While “Sp1d3rHunters” are believed to be related to the original group of hackers, this information has yet to be validated. In the worst-case scenario, Ticketmaster has been hacked and is now being blackmailed by two separate hacking groups. Another, more likely, possibility is that the hackers are trying to get as much money from the data breach as possible.

As of the time of writing, the thread published by ShinyHunters is no longer available. The only listing of breached customer data from Ticketmaster on the forums is the one published by Sp1d3rHunters requesting the $2 million ransom.

Ticketmaster didn’t take long to react to the threats made by the hacking group(s), asserting that no ticket information had been stolen. The company's statement revealed that its SafeTix technology prevents ticket theft by automatically refreshing the barcodes “every few seconds.” “This is just one of many fraud protections we implement to keep tickets safe and unassailable,” the company alleges.

Ticketmaster also denied any involvement in ransom negotiations, stating that, “Some outlets are inaccurately reporting about a ransom offer. We were never engaged for a ransom and did not offer them money.”

However, the accuracy of the Ticketmaster’s statement is now being challenged by both Hackread and the hacker group Sp1d3rHunters. In a follow-up thread, Sp1d3rHunters pointed out that Ticketmaster’s comments do not address physical tickets.

“Our Response: Ticketmaster lies to the public and says barcodes can not be used,” reads Sp1d3rHunters’ statement. “Tickets database includes both online and physical ticket types. Physical ticket types are Ticketfast, e-ticket, and mail. These are printed and can not be automatically refreshed.”

Sp1d3rHunters further emphasized their point by issuing a ransom demand: “To Ticketmaster: Ticketfast is [the] smallest number of printable tickets,” a separate ransom demand reads. “You now have to reset 30k more tickets.
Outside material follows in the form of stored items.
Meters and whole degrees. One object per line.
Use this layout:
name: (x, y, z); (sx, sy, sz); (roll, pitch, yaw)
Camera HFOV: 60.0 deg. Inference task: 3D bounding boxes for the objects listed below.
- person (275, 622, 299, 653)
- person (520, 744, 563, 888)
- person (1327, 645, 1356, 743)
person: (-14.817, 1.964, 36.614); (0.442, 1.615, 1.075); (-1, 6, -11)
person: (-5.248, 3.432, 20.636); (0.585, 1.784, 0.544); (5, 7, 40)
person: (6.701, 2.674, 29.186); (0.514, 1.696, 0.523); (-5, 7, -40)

Pay us $2million or we will leak the Mail and E-ticket barcodes for all your events.” With the demand, they also published “4-Step Guide to make your own Tickfast [sic] event PDFs with TM’s official ticket guide.”
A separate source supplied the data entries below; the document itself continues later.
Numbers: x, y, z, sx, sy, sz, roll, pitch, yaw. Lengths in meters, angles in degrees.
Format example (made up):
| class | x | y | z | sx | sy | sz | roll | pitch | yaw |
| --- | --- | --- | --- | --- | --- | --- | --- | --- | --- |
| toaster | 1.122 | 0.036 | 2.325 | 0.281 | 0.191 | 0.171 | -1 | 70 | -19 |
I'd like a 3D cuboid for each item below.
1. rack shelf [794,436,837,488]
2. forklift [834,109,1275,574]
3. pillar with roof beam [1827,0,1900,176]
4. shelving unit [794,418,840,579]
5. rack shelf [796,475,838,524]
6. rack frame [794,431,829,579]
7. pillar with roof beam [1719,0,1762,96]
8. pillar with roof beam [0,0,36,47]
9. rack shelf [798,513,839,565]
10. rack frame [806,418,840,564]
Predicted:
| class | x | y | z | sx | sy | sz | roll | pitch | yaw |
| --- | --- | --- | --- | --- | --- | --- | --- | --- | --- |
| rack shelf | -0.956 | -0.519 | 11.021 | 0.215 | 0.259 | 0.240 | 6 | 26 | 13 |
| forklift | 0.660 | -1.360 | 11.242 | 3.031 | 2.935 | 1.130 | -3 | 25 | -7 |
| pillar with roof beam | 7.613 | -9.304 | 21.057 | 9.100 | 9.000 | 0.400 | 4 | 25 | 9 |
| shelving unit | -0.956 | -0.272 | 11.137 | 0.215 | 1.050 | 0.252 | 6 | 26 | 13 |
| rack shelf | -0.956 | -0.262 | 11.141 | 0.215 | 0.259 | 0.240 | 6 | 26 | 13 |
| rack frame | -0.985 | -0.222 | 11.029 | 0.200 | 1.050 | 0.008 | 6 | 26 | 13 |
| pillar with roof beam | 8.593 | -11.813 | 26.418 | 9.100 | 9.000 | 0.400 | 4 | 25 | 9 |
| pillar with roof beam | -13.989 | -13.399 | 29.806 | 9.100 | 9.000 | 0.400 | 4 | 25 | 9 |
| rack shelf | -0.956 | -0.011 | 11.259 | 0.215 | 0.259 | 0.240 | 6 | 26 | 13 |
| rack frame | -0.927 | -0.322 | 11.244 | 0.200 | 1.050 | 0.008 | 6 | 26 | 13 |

In addition, on July 12, the hackers leaked another 10 million reportedly ‘un-refreshable’ tickets (mail and E-tickets) to events and concerts featuring stars like Pearl Jam, Jennifer Lopez, Foo Fighters, Hozier, Rolling Stones, and Taylor Swift.

Amid the ongoing controversy and investigations, Ticketmaster is already facing severe consequences. In May, two California residents filed a nearly 40-page class action lawsuit in California’s Central District Court over the data breach. The plaintiffs allege that both Live Nation and Ticketmaster failed to adequately secure their personal information, including full names, addresses, email addresses, partial payment card information, and more.

The lawsuit accuses Ticketmaster of negligence, breach and fiduciary duty, and other failings, citing the company’s inability “to implement and follow even the most basic security procedures.”

According to the plaintiffs, the 560 million individuals affected by the breach will face long-term repercussions, including an “increased risk of identity theft, and will consequentially have to spend, and will continue to spend, significant time and money to protect themselves.” The legal text also emphasizes the potential “emotional pain and mental anguish and embarrassment” that the victims may experience.

Overall, the submitted suit seeks to establish a nationwide class for all U.S. residents whose information was reportedly lifted and a subclass for California residents.